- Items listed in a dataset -
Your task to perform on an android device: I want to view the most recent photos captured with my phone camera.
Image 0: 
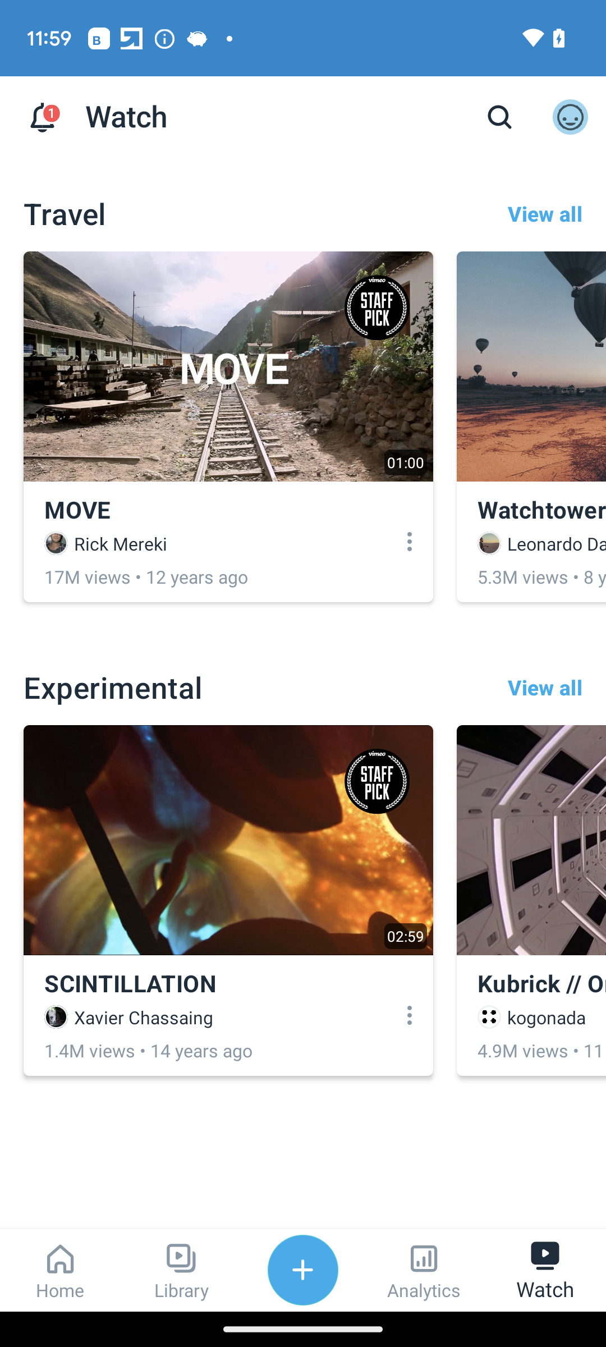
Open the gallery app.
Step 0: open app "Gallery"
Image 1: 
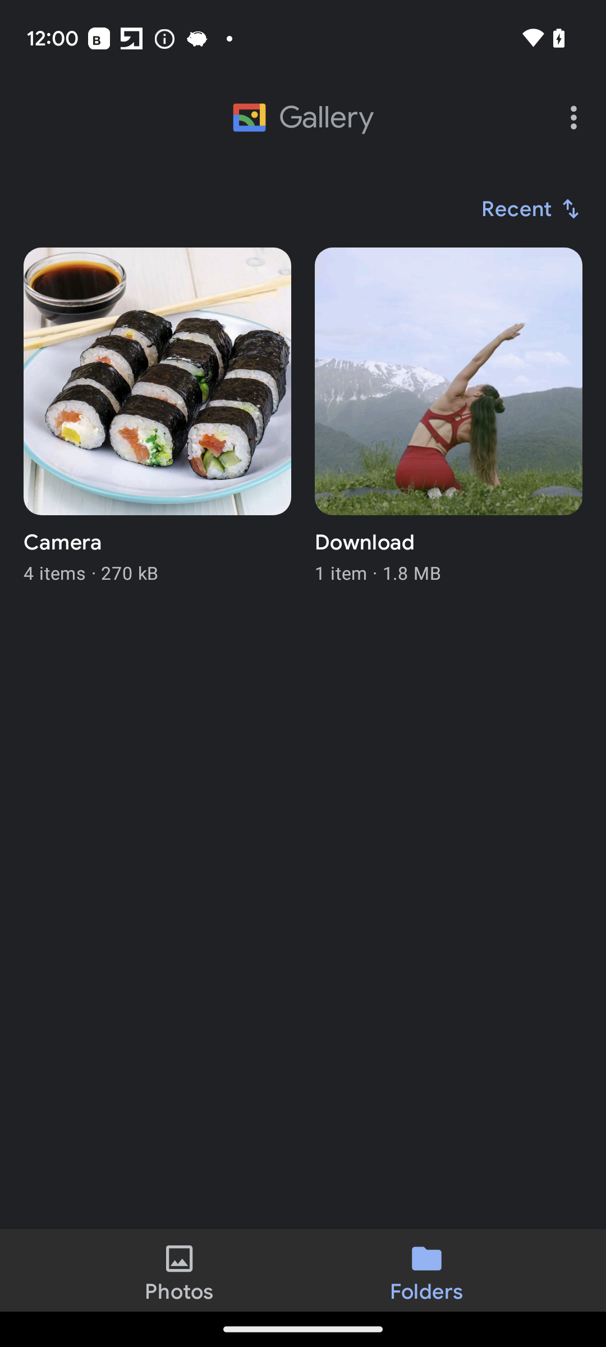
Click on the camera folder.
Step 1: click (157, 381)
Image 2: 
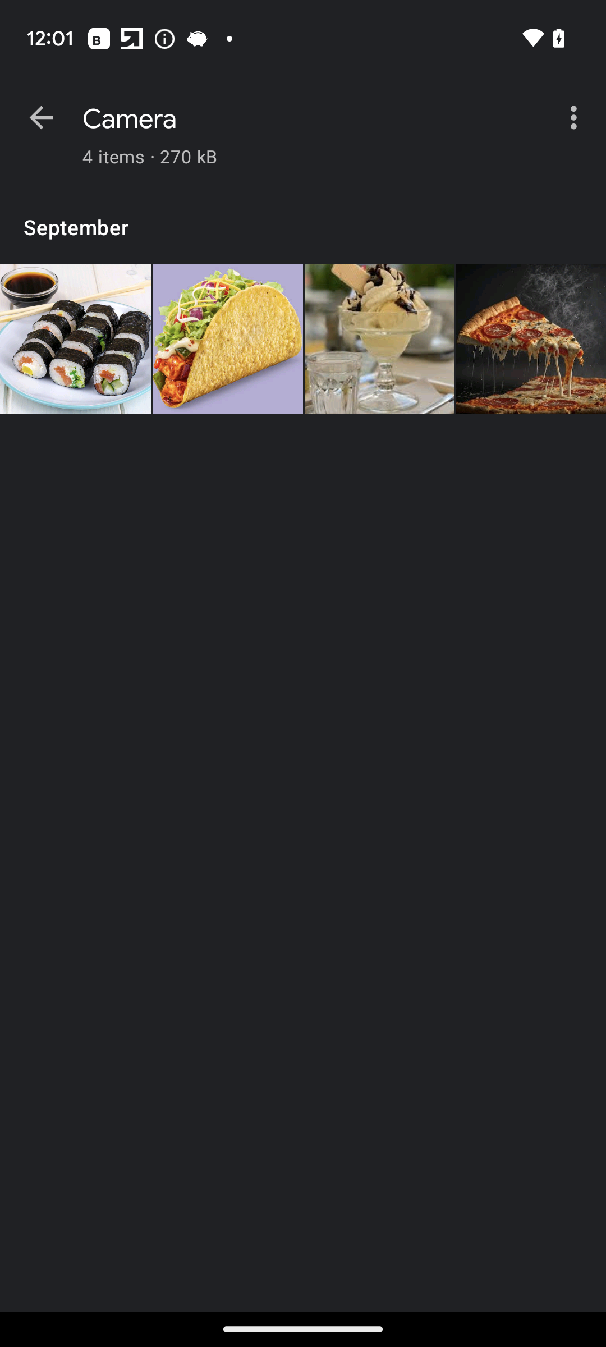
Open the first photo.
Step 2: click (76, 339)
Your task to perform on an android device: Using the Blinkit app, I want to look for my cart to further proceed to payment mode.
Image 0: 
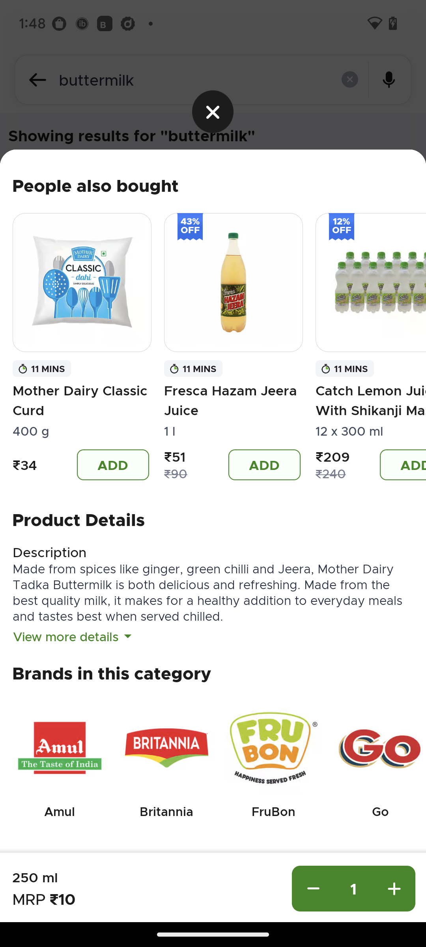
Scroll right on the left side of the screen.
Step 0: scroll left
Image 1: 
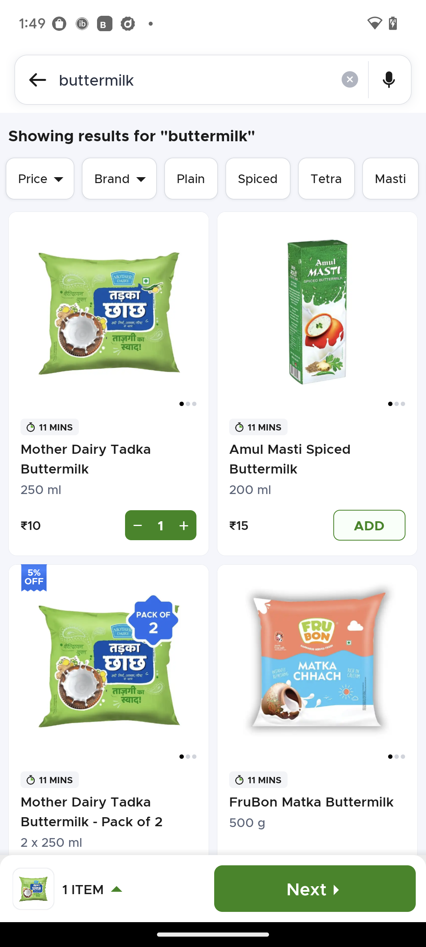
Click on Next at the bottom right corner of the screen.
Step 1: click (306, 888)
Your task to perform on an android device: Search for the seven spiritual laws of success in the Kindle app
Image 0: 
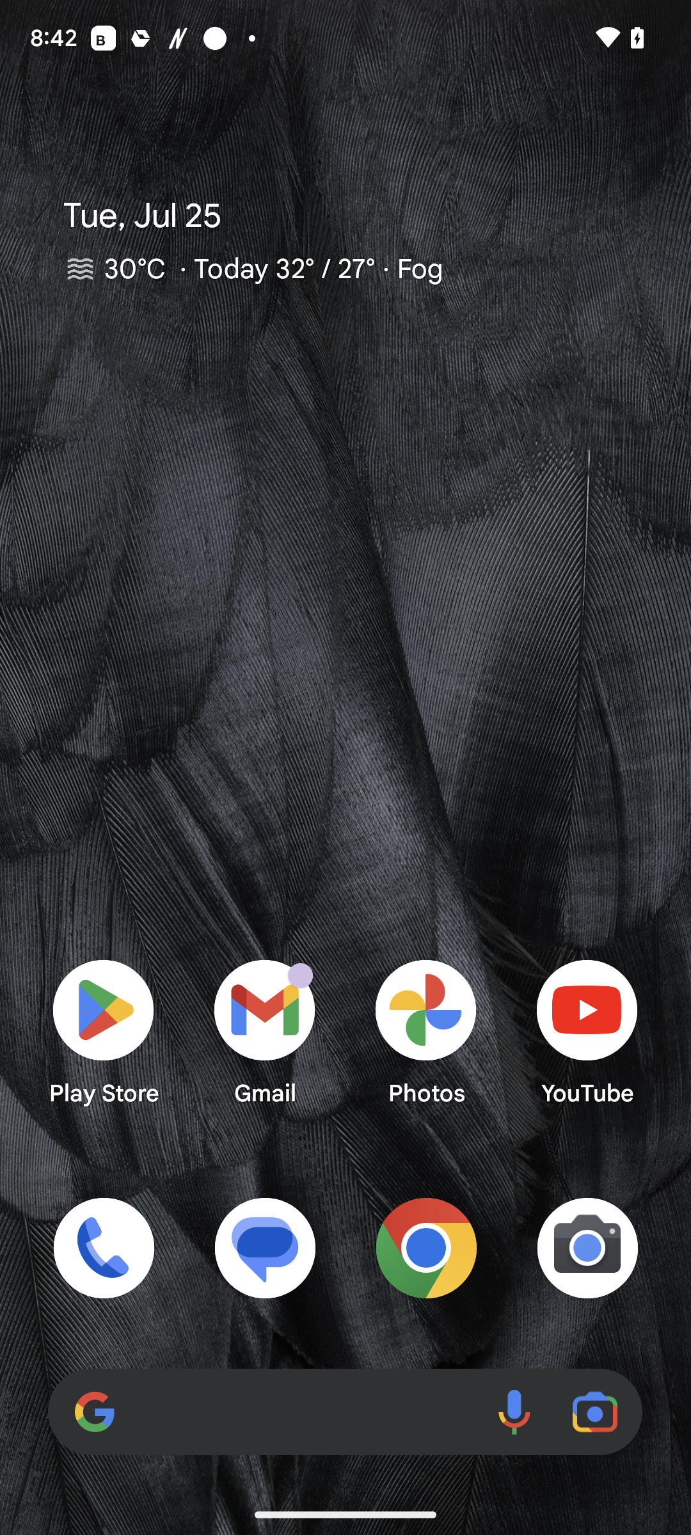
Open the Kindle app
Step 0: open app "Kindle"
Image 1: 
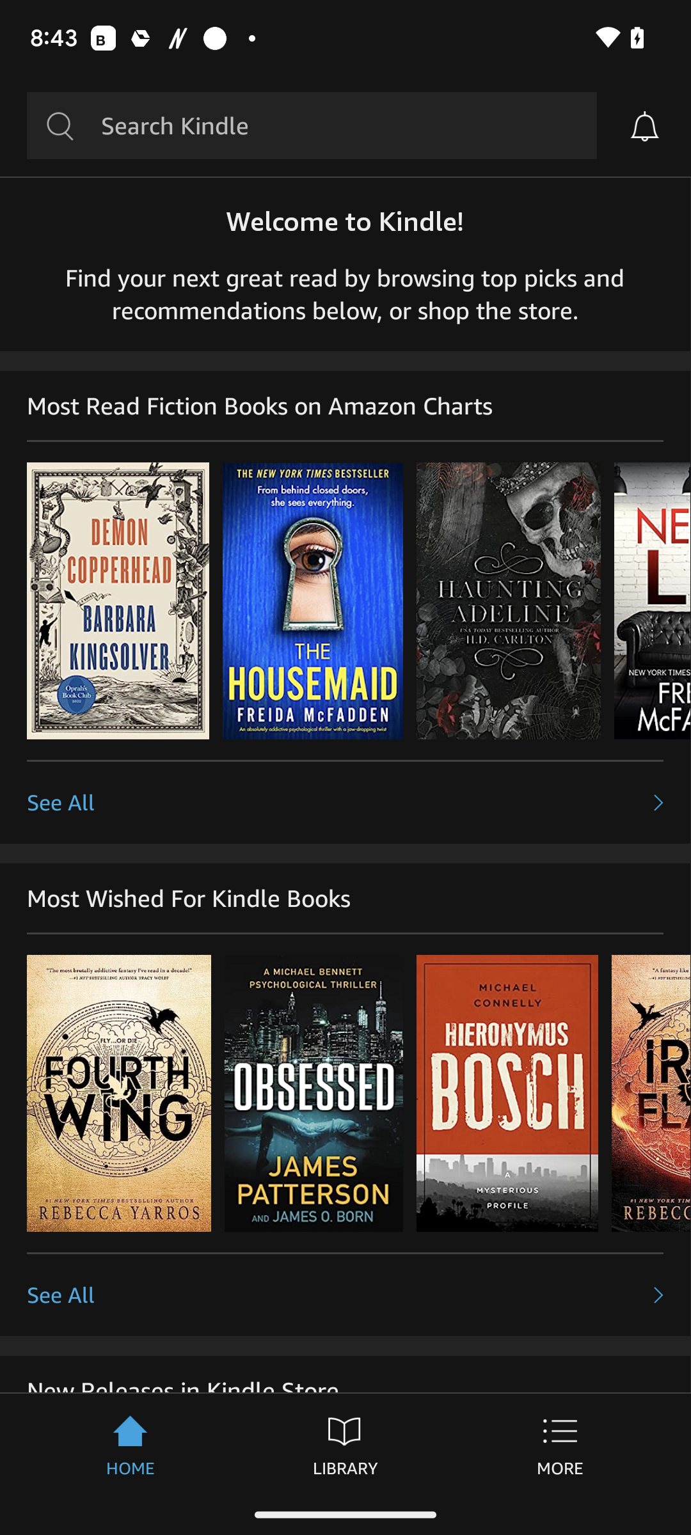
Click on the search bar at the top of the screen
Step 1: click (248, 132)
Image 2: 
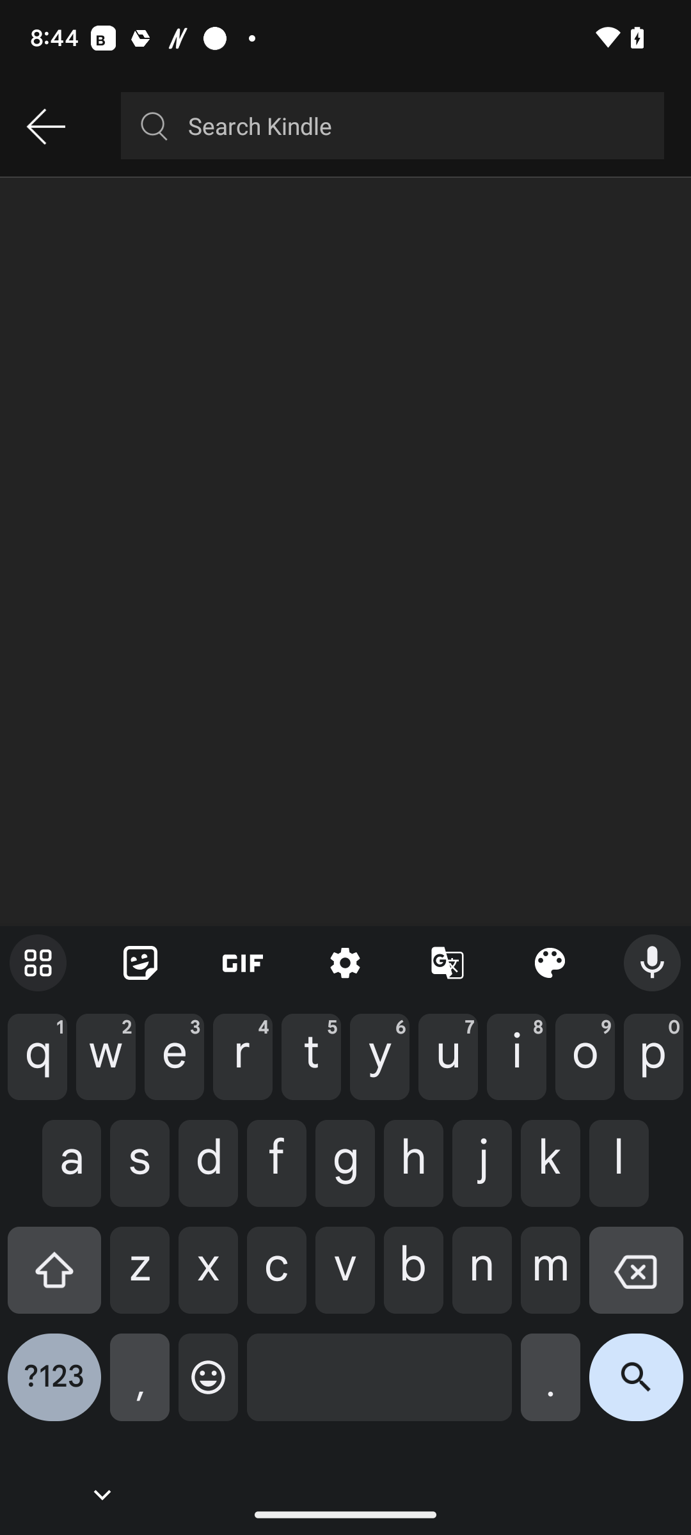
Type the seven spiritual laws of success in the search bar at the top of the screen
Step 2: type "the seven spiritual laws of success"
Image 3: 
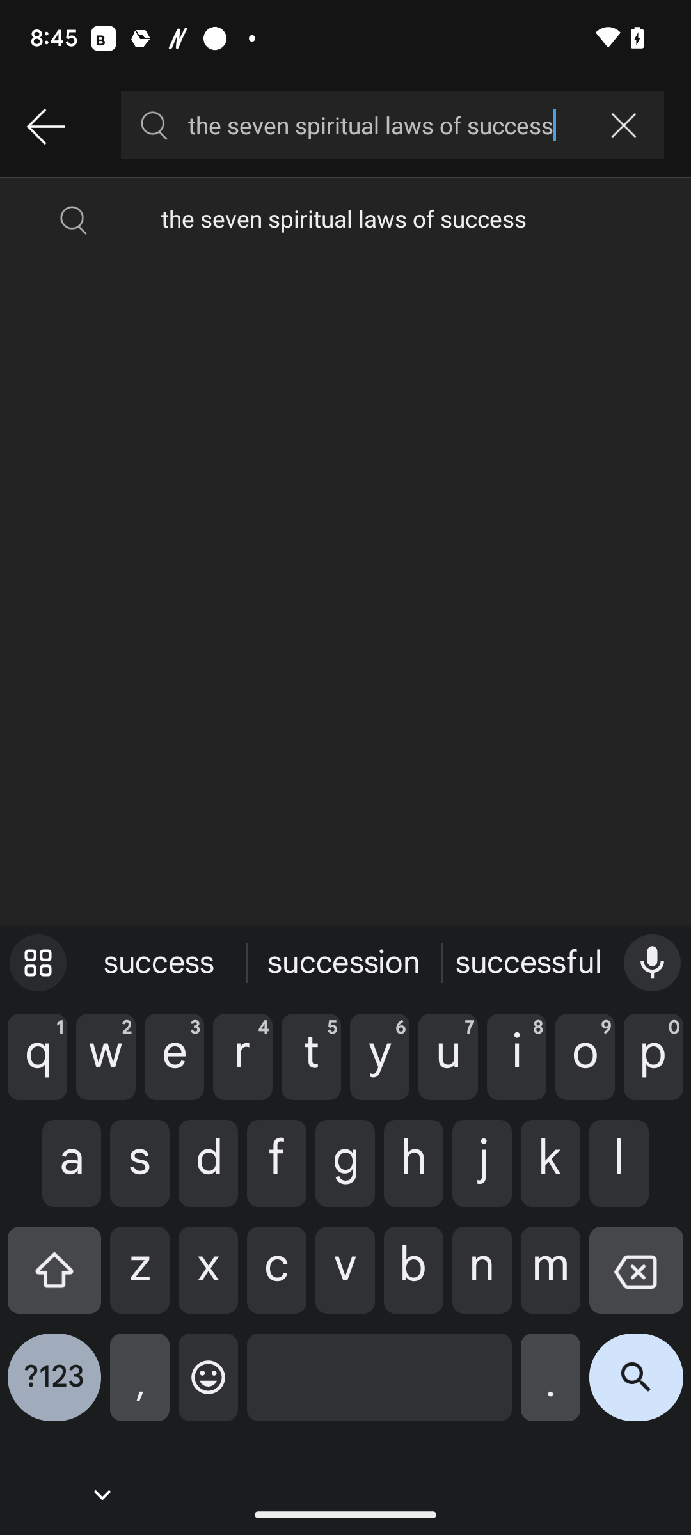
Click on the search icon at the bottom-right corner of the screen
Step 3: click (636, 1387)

- TASK STATEMENT -
Looking at the records, how many of the lines contain the string "camera"? Only the number should be given.

- FINISHED TASK -
2